Sleeper (1973) and The Sleeper Awakes (1899/1910)

Jun 07, 2020 15:13

Sleeper was the first film to win both Hugo and Nebula for Best Dramatic Presentation, for 1974 in both cases. (I am informed that the eligibility period for the 1974 Nebula was December 1973 to November 1974.) The Hugo finalists were Genesis II, which has a similar plot to Sleeper, Soylent Green, which had already won the 1973 Nebula, Westworld and The Six Million Dollar Man. The other two Nebula finalists were new to me - a Czech animated film, Divoká planeta (Fantastic Planet), and a TV version of Frankenstein.

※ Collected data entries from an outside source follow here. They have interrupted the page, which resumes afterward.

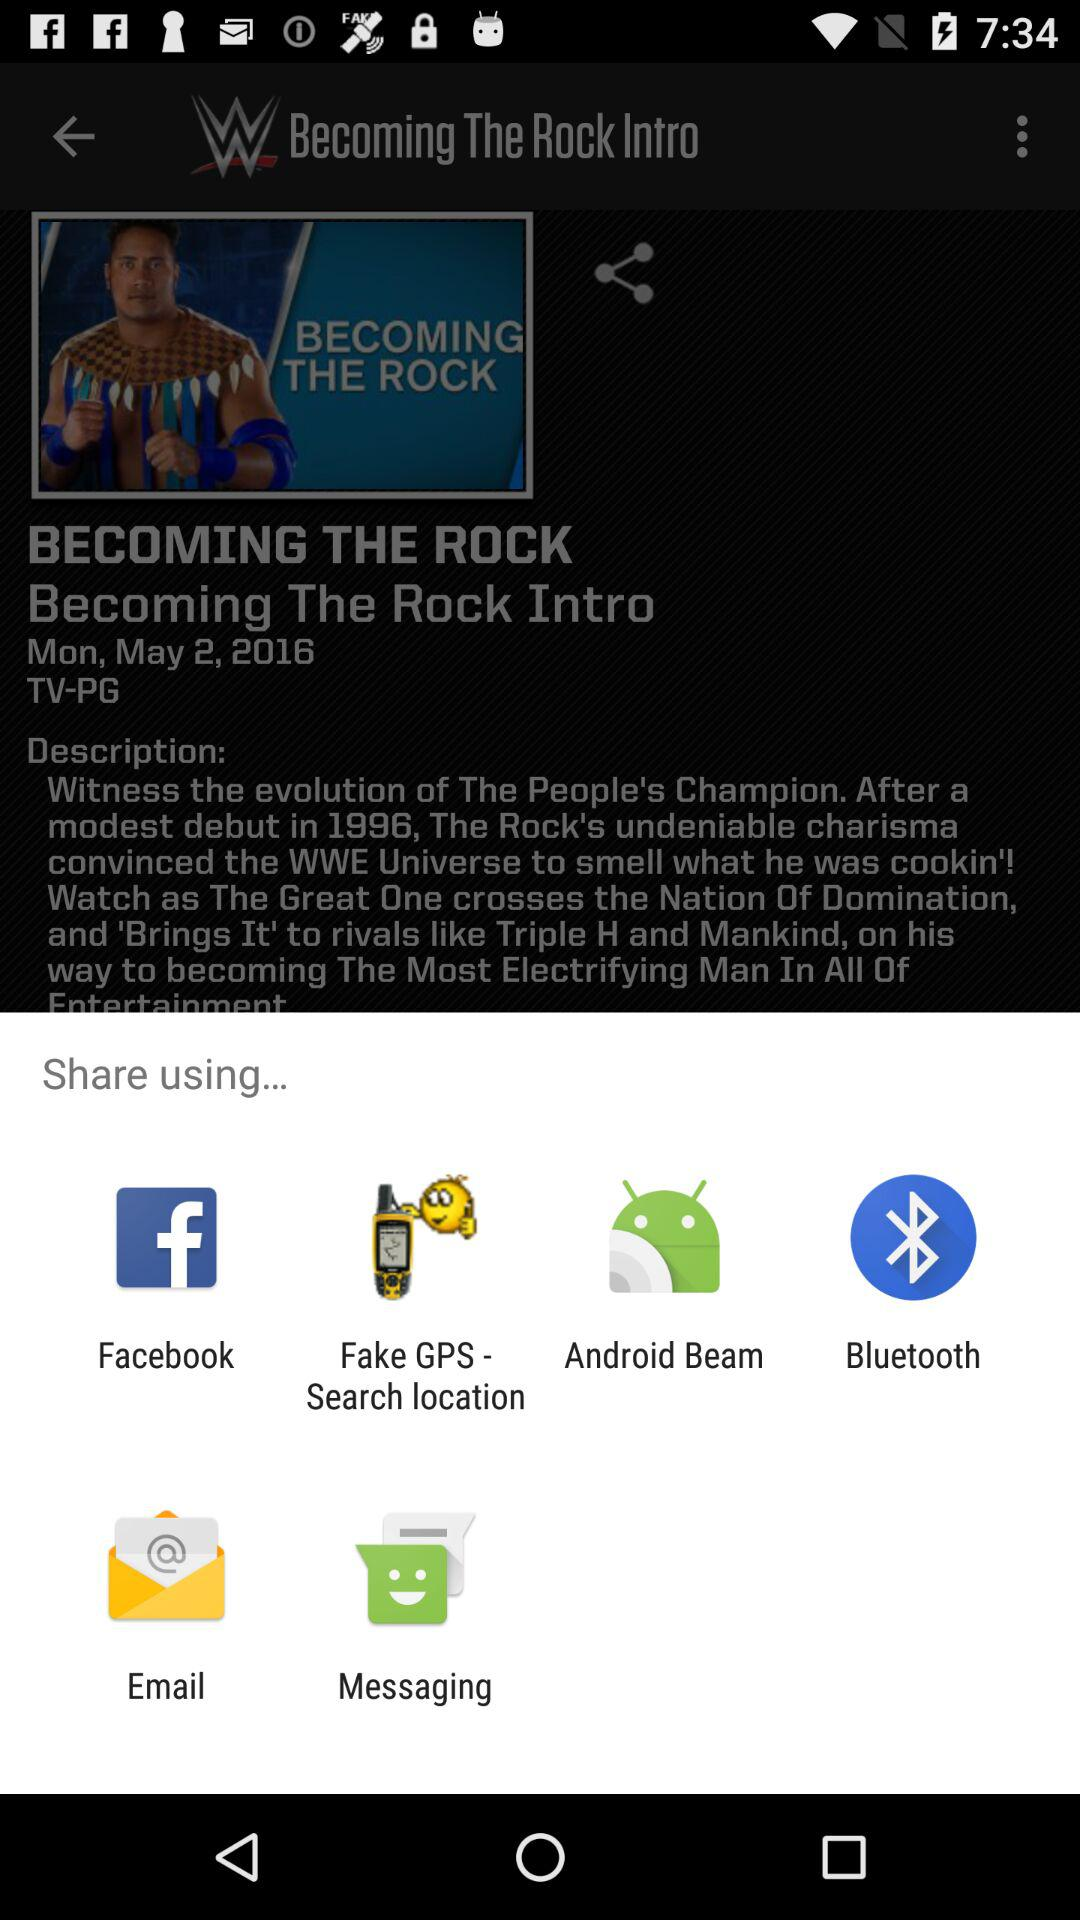What is the movie name? The movie name is "BECOMING THE ROCK". 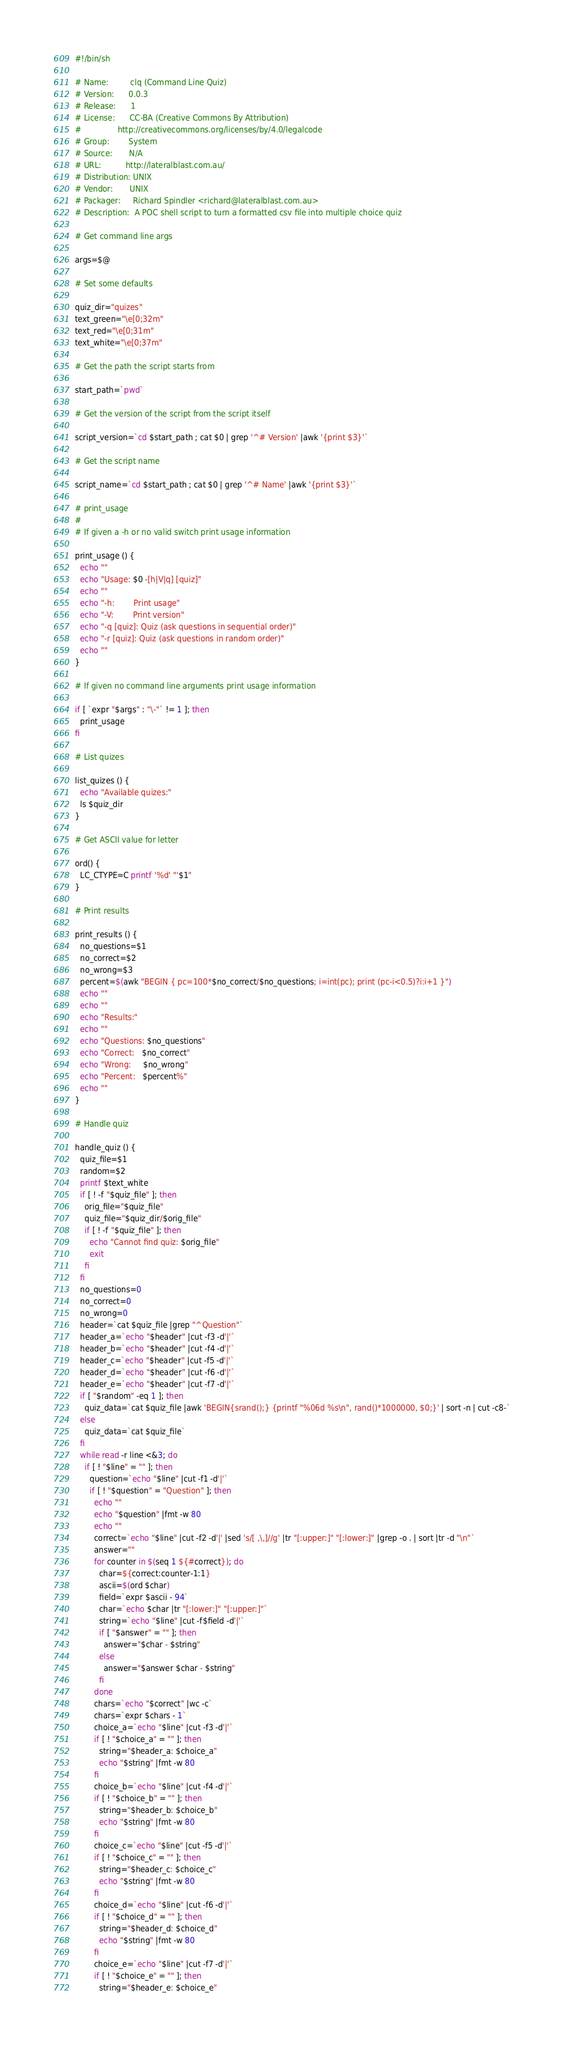Convert code to text. <code><loc_0><loc_0><loc_500><loc_500><_Bash_>#!/bin/sh

# Name:         clq (Command Line Quiz)
# Version:      0.0.3
# Release:      1
# License:      CC-BA (Creative Commons By Attribution)
#               http://creativecommons.org/licenses/by/4.0/legalcode
# Group:        System
# Source:       N/A
# URL:          http://lateralblast.com.au/
# Distribution: UNIX
# Vendor:       UNIX
# Packager:     Richard Spindler <richard@lateralblast.com.au>
# Description:  A POC shell script to turn a formatted csv file into multiple choice quiz

# Get command line args

args=$@

# Set some defaults

quiz_dir="quizes"
text_green="\e[0;32m"
text_red="\e[0;31m"
text_white="\e[0;37m"

# Get the path the script starts from

start_path=`pwd`

# Get the version of the script from the script itself

script_version=`cd $start_path ; cat $0 | grep '^# Version' |awk '{print $3}'`

# Get the script name

script_name=`cd $start_path ; cat $0 | grep '^# Name' |awk '{print $3}'`

# print_usage
#
# If given a -h or no valid switch print usage information

print_usage () {
  echo ""
  echo "Usage: $0 -[h|V|q] [quiz]"
  echo ""
  echo "-h:        Print usage"
  echo "-V:        Print version"
  echo "-q [quiz]: Quiz (ask questions in sequential order)"
  echo "-r [quiz]: Quiz (ask questions in random order)"
  echo ""
}

# If given no command line arguments print usage information

if [ `expr "$args" : "\-"` != 1 ]; then
  print_usage
fi

# List quizes

list_quizes () {
  echo "Available quizes:"
  ls $quiz_dir
}

# Get ASCII value for letter

ord() {
  LC_CTYPE=C printf '%d' "'$1"
}

# Print results

print_results () {
  no_questions=$1
  no_correct=$2
  no_wrong=$3
  percent=$(awk "BEGIN { pc=100*$no_correct/$no_questions; i=int(pc); print (pc-i<0.5)?i:i+1 }")
  echo ""
  echo ""
  echo "Results:"
  echo ""
  echo "Questions: $no_questions"
  echo "Correct:   $no_correct"
  echo "Wrong:     $no_wrong"
  echo "Percent:   $percent%"
  echo ""
}

# Handle quiz

handle_quiz () {
  quiz_file=$1
  random=$2
  printf $text_white
  if [ ! -f "$quiz_file" ]; then
    orig_file="$quiz_file"
    quiz_file="$quiz_dir/$orig_file"
    if [ ! -f "$quiz_file" ]; then
      echo "Cannot find quiz: $orig_file"
      exit
    fi
  fi 
  no_questions=0
  no_correct=0
  no_wrong=0
  header=`cat $quiz_file |grep "^Question"`
  header_a=`echo "$header" |cut -f3 -d'|'`
  header_b=`echo "$header" |cut -f4 -d'|'`
  header_c=`echo "$header" |cut -f5 -d'|'`
  header_d=`echo "$header" |cut -f6 -d'|'`
  header_e=`echo "$header" |cut -f7 -d'|'`
  if [ "$random" -eq 1 ]; then
    quiz_data=`cat $quiz_file |awk 'BEGIN{srand();} {printf "%06d %s\n", rand()*1000000, $0;}' | sort -n | cut -c8-`
  else
    quiz_data=`cat $quiz_file`
  fi
  while read -r line <&3; do
    if [ ! "$line" = "" ]; then
      question=`echo "$line" |cut -f1 -d'|'`
      if [ ! "$question" = "Question" ]; then
        echo ""
        echo "$question" |fmt -w 80
        echo ""
        correct=`echo "$line" |cut -f2 -d'|' |sed 's/[ ,\,]//g' |tr "[:upper:]" "[:lower:]" |grep -o . | sort |tr -d "\n"`
        answer=""
        for counter in $(seq 1 ${#correct}); do
          char=${correct:counter-1:1}
          ascii=$(ord $char)
          field=`expr $ascii - 94`
          char=`echo $char |tr "[:lower:]" "[:upper:]"`
          string=`echo "$line" |cut -f$field -d'|'`
          if [ "$answer" = "" ]; then
            answer="$char - $string"
          else
            answer="$answer $char - $string"
          fi
        done
        chars=`echo "$correct" |wc -c`
        chars=`expr $chars - 1`
        choice_a=`echo "$line" |cut -f3 -d'|'`
        if [ ! "$choice_a" = "" ]; then
          string="$header_a: $choice_a"
          echo "$string" |fmt -w 80
        fi
        choice_b=`echo "$line" |cut -f4 -d'|'`
        if [ ! "$choice_b" = "" ]; then
          string="$header_b: $choice_b"
          echo "$string" |fmt -w 80
        fi
        choice_c=`echo "$line" |cut -f5 -d'|'`
        if [ ! "$choice_c" = "" ]; then
          string="$header_c: $choice_c"
          echo "$string" |fmt -w 80
        fi
        choice_d=`echo "$line" |cut -f6 -d'|'`
        if [ ! "$choice_d" = "" ]; then
          string="$header_d: $choice_d"
          echo "$string" |fmt -w 80
        fi
        choice_e=`echo "$line" |cut -f7 -d'|'`
        if [ ! "$choice_e" = "" ]; then
          string="$header_e: $choice_e"</code> 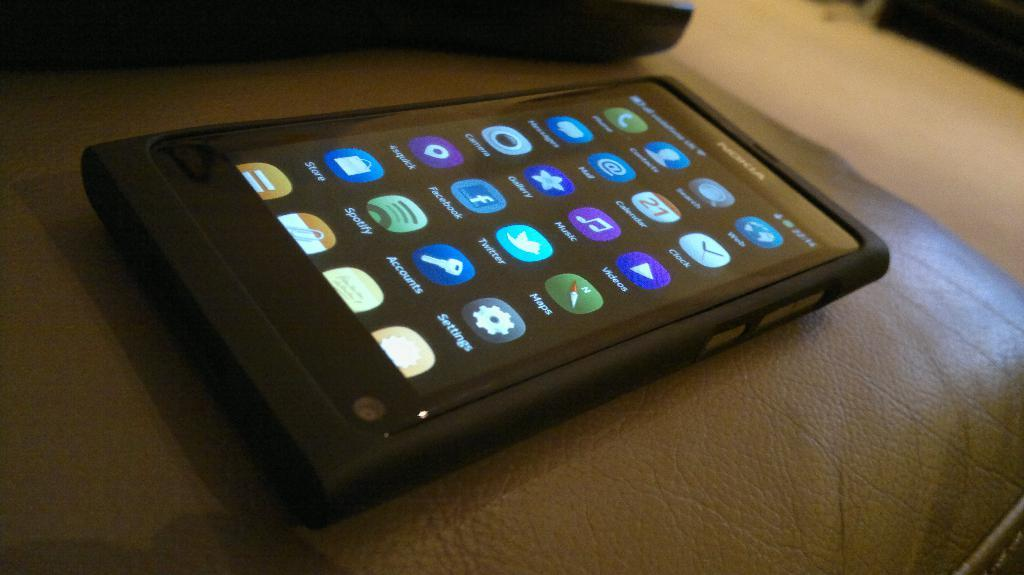<image>
Provide a brief description of the given image. A black Nokia smart phone resting on a leather couch.

Very loosely based on the H.G. Wells novel 1910 The Sleeper Awakes (revised from the 1899 text, When The Sleeper Wakes), the protagonist (Miles, played by Woody Allen who also co-wrote the script) wakes from a 200-year sleep to find that America has become an incompetently led police state, where people have forgotten how to have good sex. He and his girl (Luna, played by Diane Keaton) become involved with the rebel movement to overthrow the state. IMDB users rate it 18th and 50th of the films of 1973. Here’s a trailer, in the form of a spoof interview with Woody Allen.

image Click to view


There are a number of actors who have appeared in previous Oscar and Hugo-winning films. The big name is Diane Keaton, who we saw last year as Al Pacino’s second wife in The Godfather. There she was the audience viewpoint character, in a way. Here she is again the protagonist’s main love interest; it’s a less interesting character but she seems more energised.




Jessica Rains, the daughter of Claude Rains (see Lawrence of Arabia and Casablanca) is the woman that Miles sees in the mirror when shaving. She was also the secretary in the Western Union office in The Sting, earlier this year (did the best I could to find a decent shot of her face).



Also John McLiam (Dr Agon) had a very small part in My Fair Lady, which I won't bother to track down.

To start with my old favourites, race and sex. There are several black extras in the film, but I don't think any of them speaks and certainly none is credited. And I have to say that I was startled by Sleeper’s misogyny. When introducing himself to Luna, Miles says, “I'm a nice person. I have healthy life drives. I'm as good as gold. I don't drink. I don't smoke. I would never force myself sexually on a blind person.” Perhaps the joke is meant to be that a sighted person wouldn’t let him get close enough to try. But it’s frankly a very creepy line.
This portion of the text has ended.